[Data records]
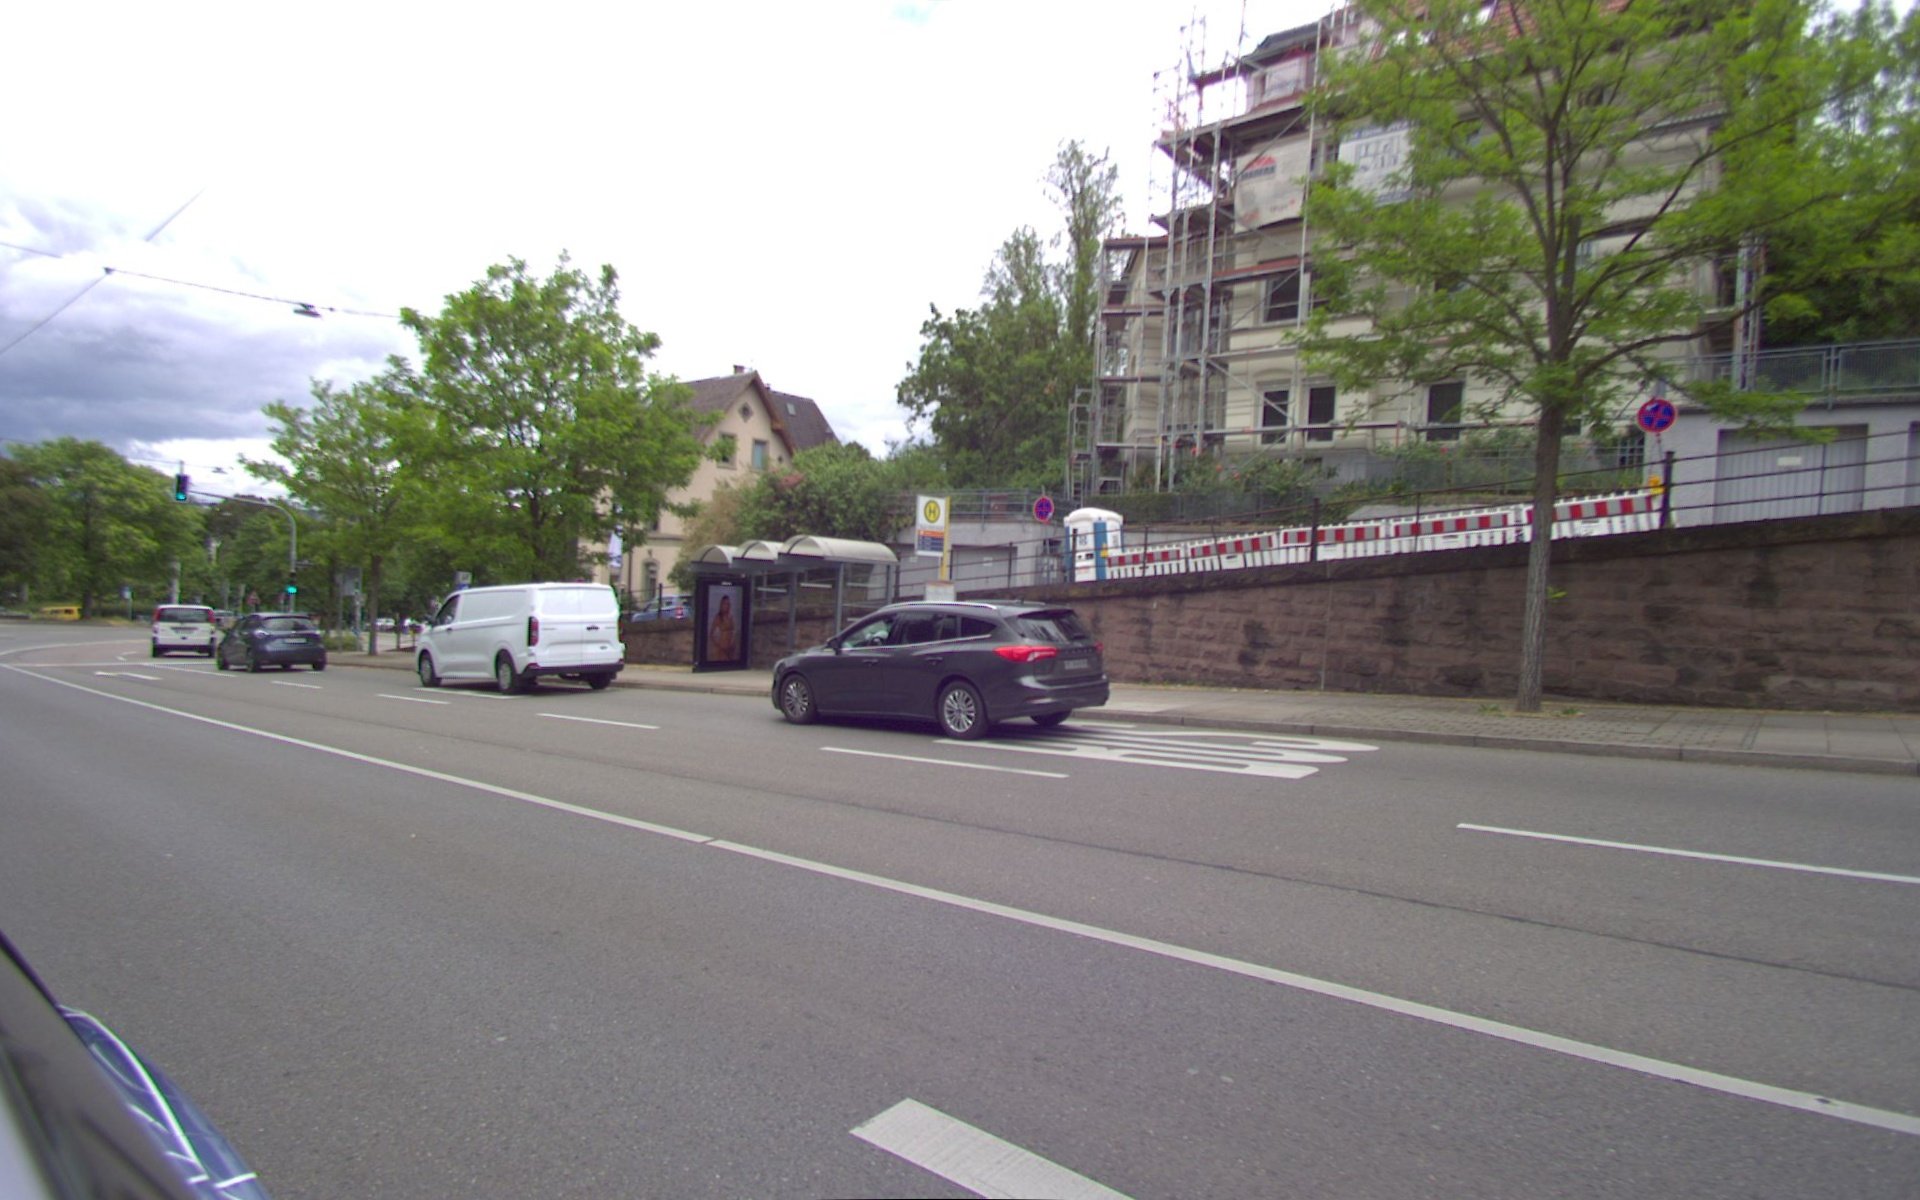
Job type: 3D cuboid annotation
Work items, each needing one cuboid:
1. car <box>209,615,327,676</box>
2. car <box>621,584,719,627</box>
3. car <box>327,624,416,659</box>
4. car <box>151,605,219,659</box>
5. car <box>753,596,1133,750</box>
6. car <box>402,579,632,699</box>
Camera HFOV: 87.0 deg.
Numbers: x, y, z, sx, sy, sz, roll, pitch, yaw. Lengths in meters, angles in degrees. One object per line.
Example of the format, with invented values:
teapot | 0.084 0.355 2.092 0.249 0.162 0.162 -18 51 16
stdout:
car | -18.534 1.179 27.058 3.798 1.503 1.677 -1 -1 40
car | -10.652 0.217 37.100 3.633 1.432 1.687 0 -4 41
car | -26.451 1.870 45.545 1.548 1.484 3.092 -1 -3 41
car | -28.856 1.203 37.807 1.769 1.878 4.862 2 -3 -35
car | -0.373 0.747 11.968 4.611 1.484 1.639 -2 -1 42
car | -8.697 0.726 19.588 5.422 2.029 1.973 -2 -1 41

---

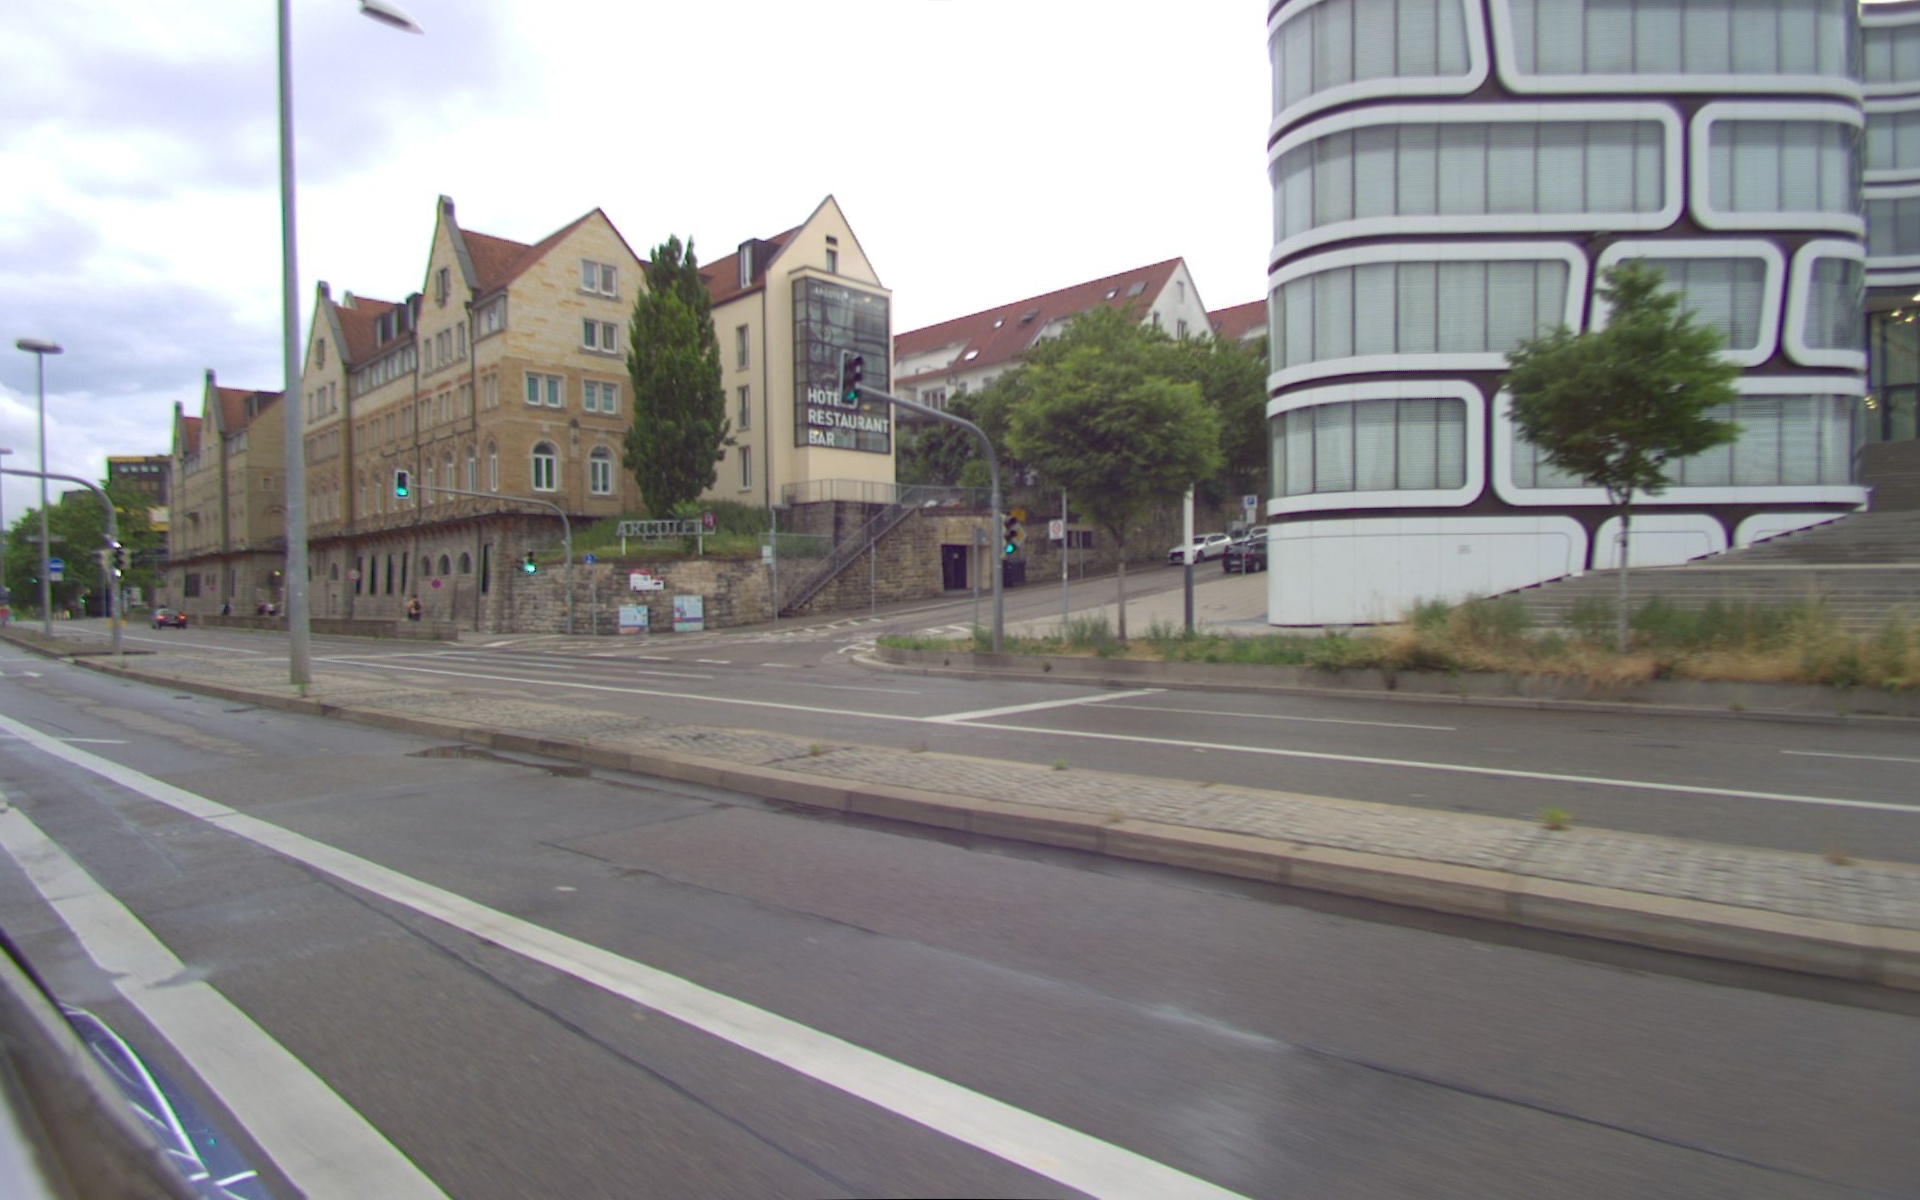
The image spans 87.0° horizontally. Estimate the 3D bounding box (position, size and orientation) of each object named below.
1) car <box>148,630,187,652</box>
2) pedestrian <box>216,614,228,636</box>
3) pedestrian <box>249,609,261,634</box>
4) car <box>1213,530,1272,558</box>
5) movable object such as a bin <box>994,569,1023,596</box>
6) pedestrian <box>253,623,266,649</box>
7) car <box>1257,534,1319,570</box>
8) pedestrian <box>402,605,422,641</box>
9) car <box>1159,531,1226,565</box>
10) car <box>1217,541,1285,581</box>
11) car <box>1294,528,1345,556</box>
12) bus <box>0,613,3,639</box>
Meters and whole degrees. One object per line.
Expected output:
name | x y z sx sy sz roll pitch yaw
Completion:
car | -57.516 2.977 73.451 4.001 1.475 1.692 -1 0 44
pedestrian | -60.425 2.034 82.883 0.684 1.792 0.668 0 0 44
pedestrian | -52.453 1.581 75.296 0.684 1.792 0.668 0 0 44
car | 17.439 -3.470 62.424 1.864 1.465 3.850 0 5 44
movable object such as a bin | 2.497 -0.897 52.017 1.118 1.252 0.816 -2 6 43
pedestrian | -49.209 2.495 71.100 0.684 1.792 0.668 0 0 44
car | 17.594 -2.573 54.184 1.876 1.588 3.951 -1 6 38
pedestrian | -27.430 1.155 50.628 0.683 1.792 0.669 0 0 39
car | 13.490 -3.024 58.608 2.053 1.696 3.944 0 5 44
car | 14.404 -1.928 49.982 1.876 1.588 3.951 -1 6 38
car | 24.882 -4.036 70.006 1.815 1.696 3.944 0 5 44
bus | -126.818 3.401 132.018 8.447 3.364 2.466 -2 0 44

* * *

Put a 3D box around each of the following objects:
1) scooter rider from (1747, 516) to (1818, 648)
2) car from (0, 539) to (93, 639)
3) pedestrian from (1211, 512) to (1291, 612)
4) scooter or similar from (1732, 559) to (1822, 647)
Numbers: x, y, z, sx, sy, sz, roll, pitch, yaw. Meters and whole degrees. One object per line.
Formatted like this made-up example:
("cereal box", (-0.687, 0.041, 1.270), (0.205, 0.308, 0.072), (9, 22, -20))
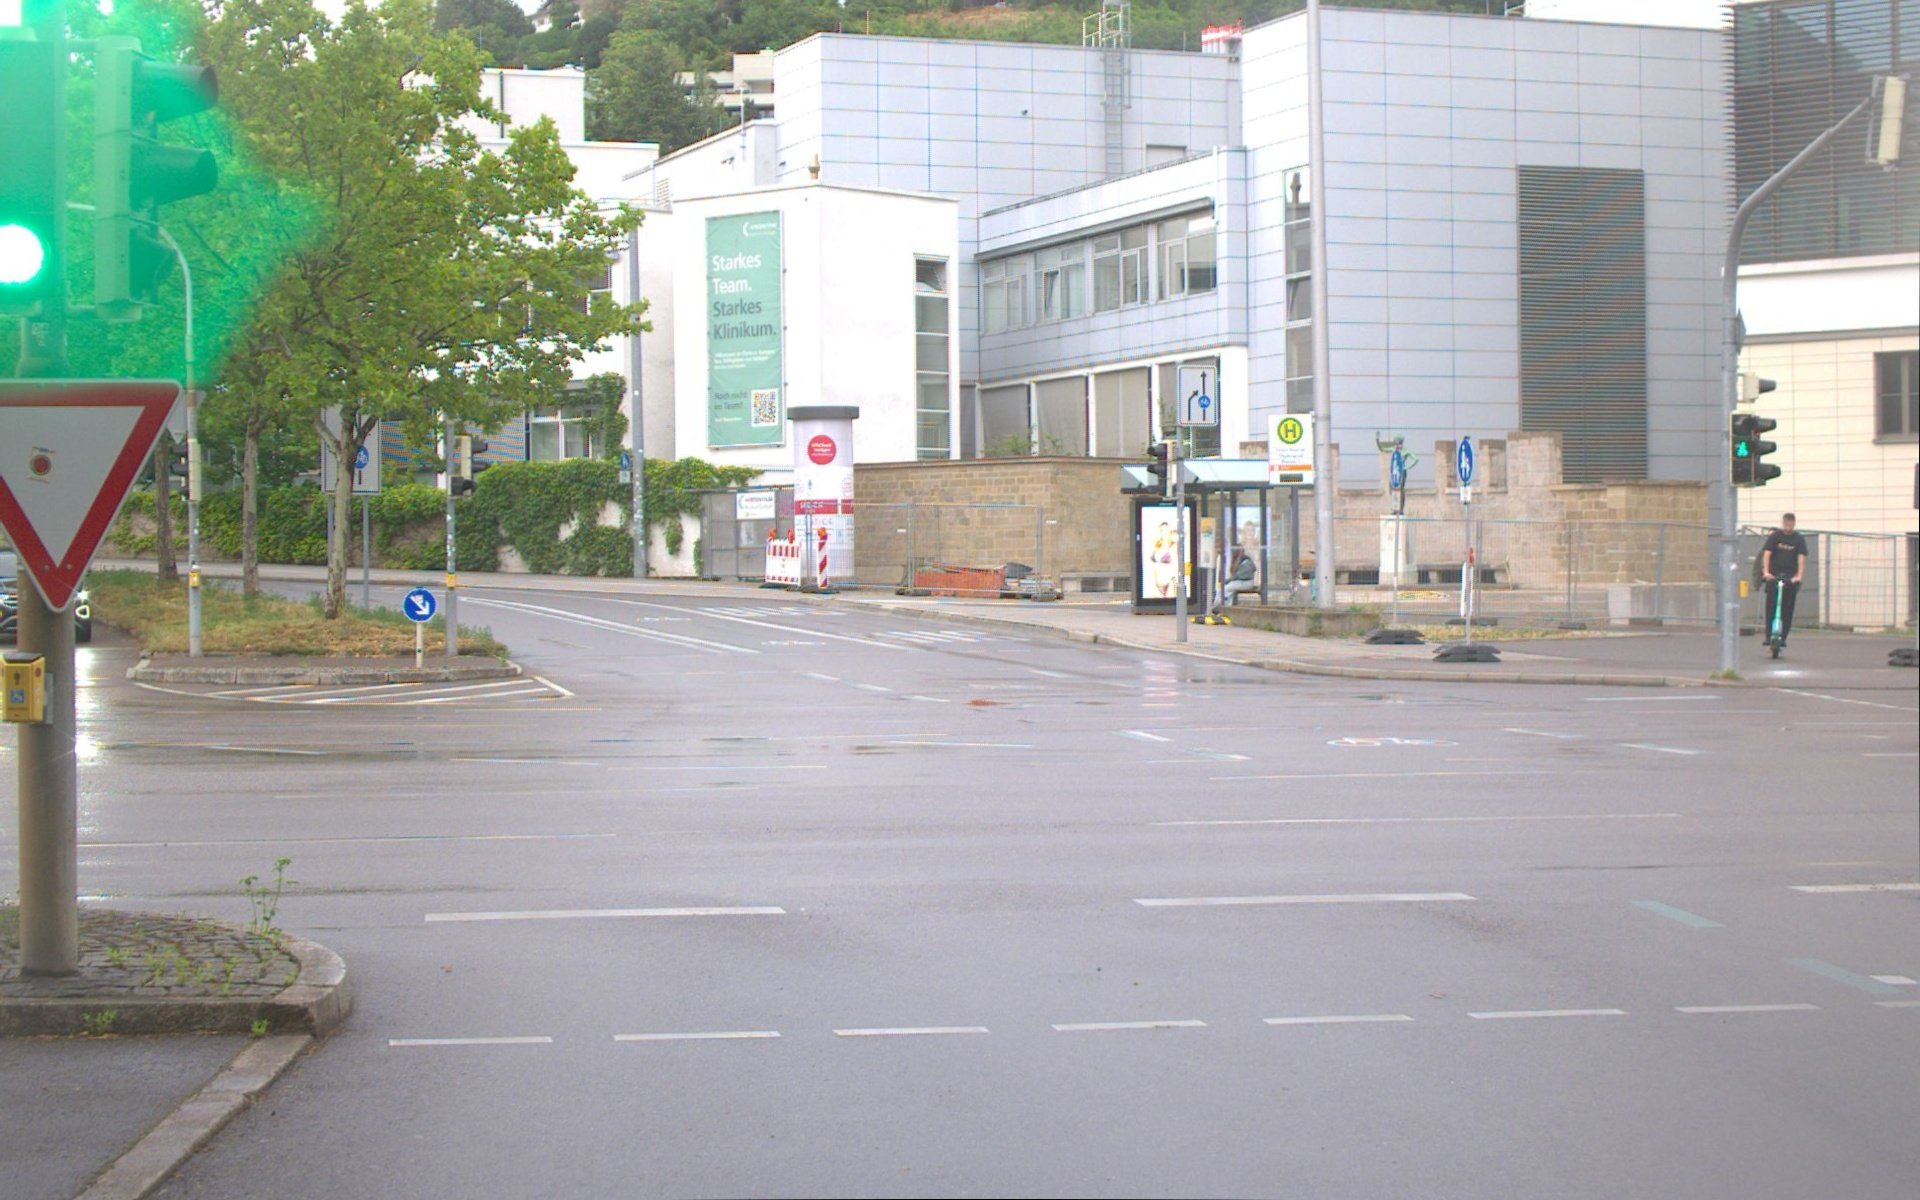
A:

[WORK INSTRUCTIONS]
Take the lines above from the one containing "Example of the" to the one containing "teapot | 0.084" and retype them exactly, both ends included, with nothing added.

[ANSWER TO THIS TASK]
Example of the format, with invented values:
teapot | 0.084 0.355 2.092 0.249 0.162 0.162 -18 51 16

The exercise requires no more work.